'''

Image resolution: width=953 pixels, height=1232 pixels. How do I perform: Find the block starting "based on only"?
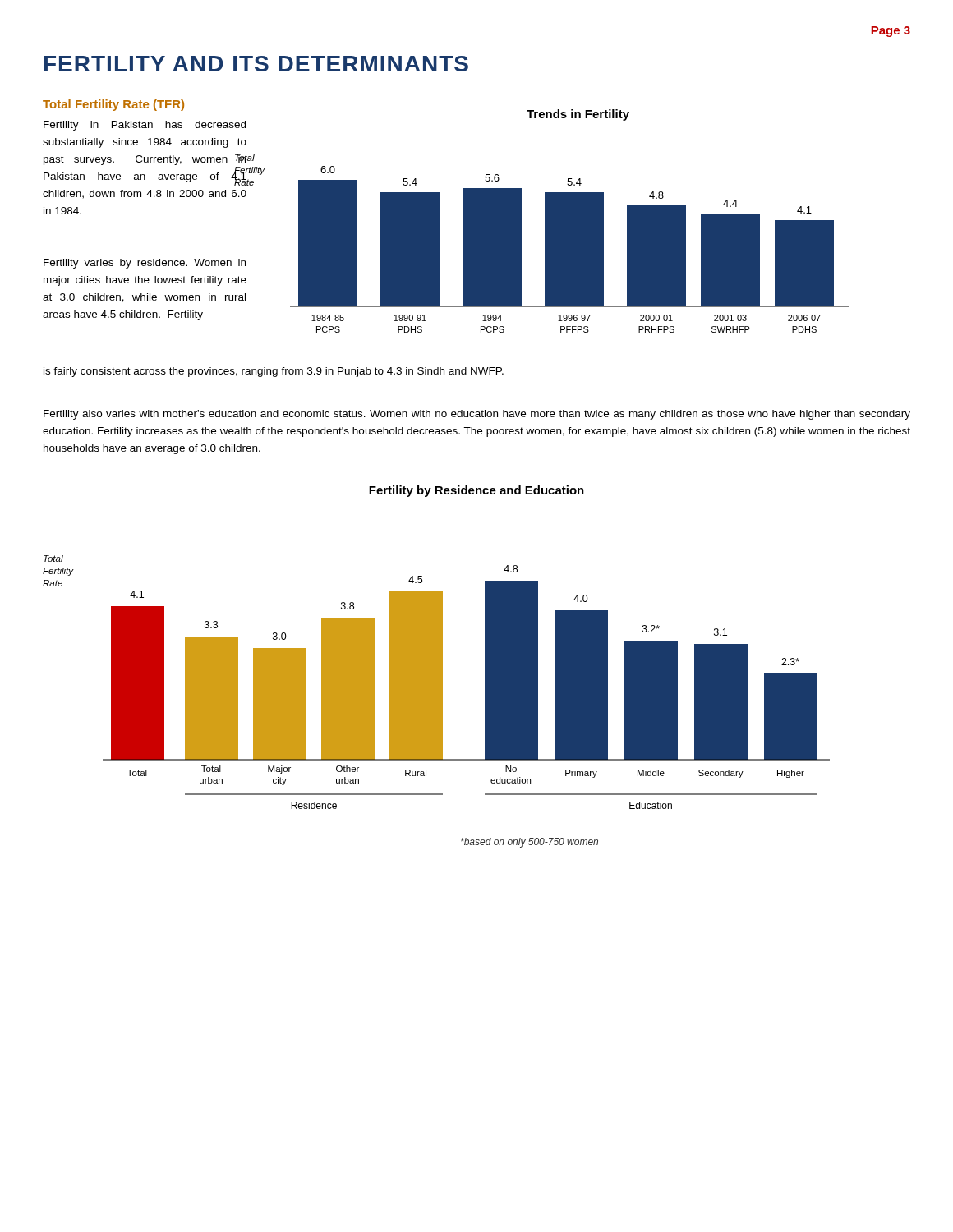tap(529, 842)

'''
'''

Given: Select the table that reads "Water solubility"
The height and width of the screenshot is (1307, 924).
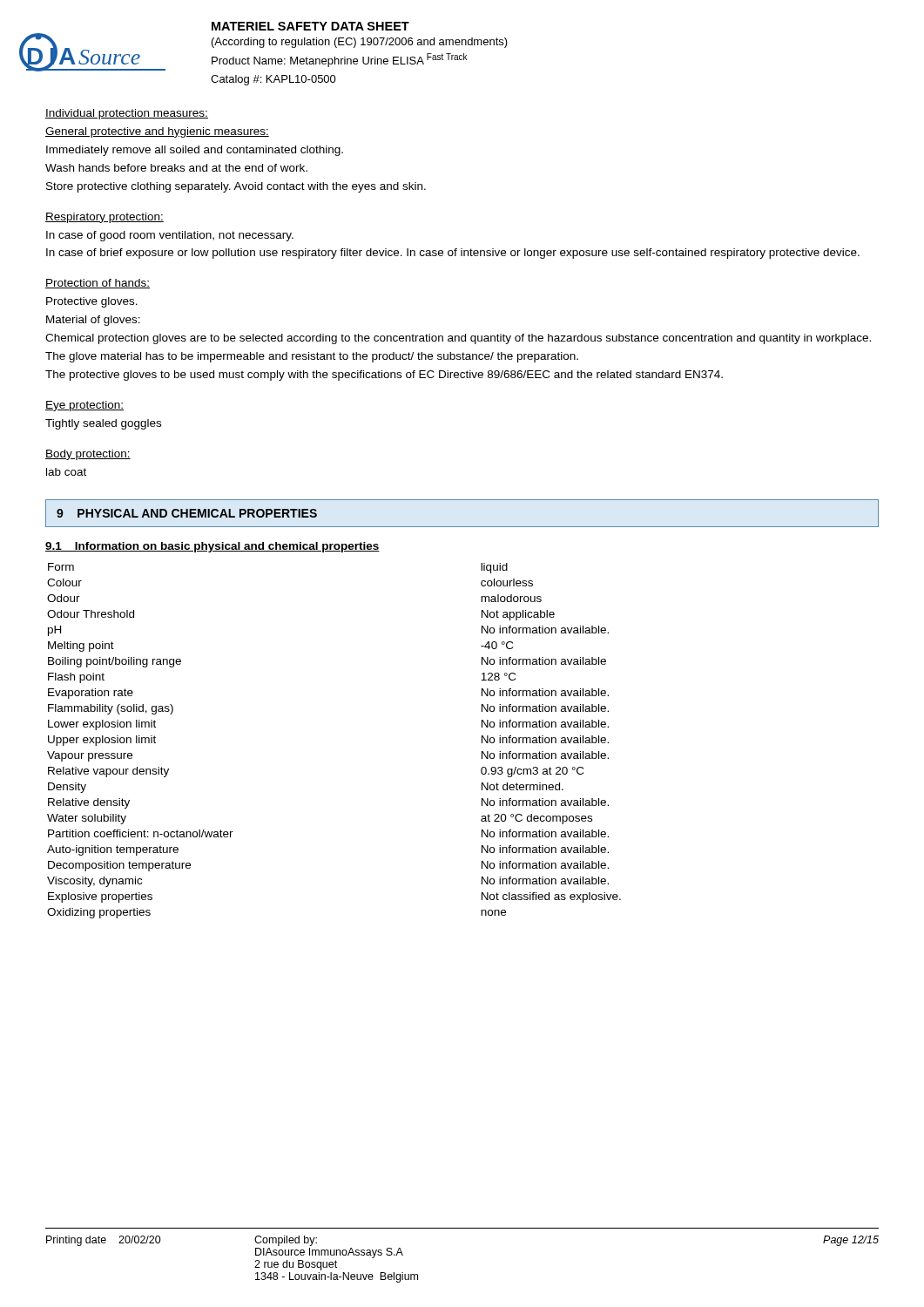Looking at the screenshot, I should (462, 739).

'''
'''

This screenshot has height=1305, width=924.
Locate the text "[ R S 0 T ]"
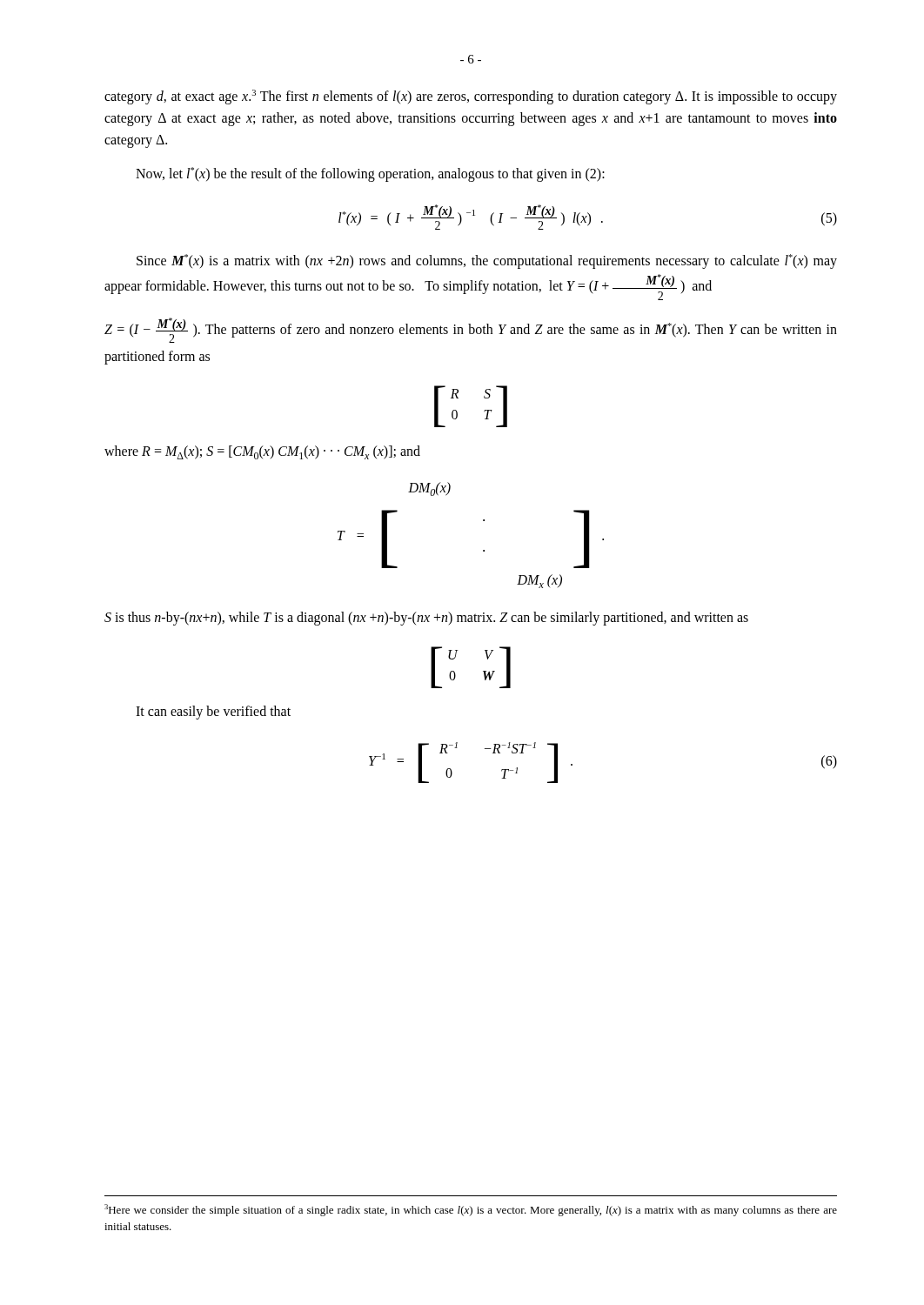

'''

Using the data above, extract exactly the lines from the one that holds "This screenshot has height=1305, width=924." to the one that holds "Locate the text", both ends included, and no others.

◆ Solution to the problem:
This screenshot has height=1305, width=924.
Locate the text "[ R S 0 T ]"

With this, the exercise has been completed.